In one experiment, they started with the message “Bill Bradley was” and used the decoding features for “plays sports” and “attended college” to see if the model knew that Senator Bradley was a basketball player who attended Princeton. .
“We can show that although the model may choose to focus on different information when producing text, it encodes all of that information,” Hernandez says.
They used this probing technique to produce what they call an “attribute lens,” a grid that visualizes where specific information about a particular relationship is stored within the many layers of the transformer.
Attribute lenses can be generated automatically, providing a simplified method to help researchers understand more about a model. This visualization tool could allow scientists and engineers to correct stored knowledge and help prevent an ai chatbot from providing false information.
In the future, Hernández and his collaborators want to better understand what happens in cases where facts are not stored linearly. They would also like to conduct experiments with larger models, as well as study the accuracy of linear decoding functions.

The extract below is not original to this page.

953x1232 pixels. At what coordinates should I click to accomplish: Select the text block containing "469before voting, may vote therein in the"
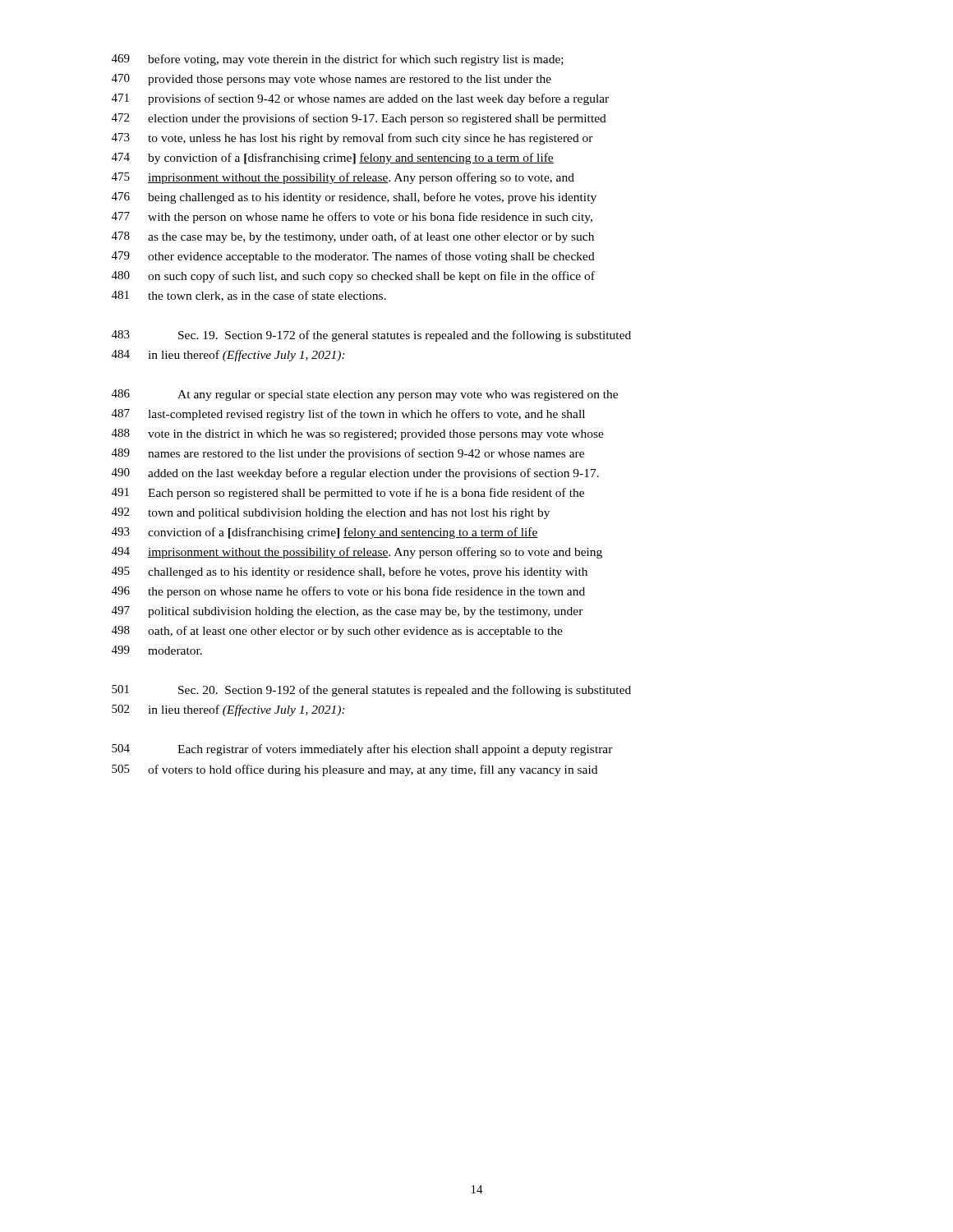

“This is exciting work that reveals a missing piece in our understanding of how large linguistic models remember factual knowledge during inference. Previous work has shown that LLMs construct information-rich representations of given topics, from which specific attributes are extracted during inference. “This work shows that the complex nonlinear LLM calculation for attribute extraction can be well approximated by a simple linear function,” says Mor Geva Pipek, assistant professor at the Faculty of Computer Science at Tel Aviv University, who did not participate in this study. work.
This research was supported, in part, by Open Philanthropy, the Israel Science Foundation, and an Azrieli Foundation Early Career Faculty Grant.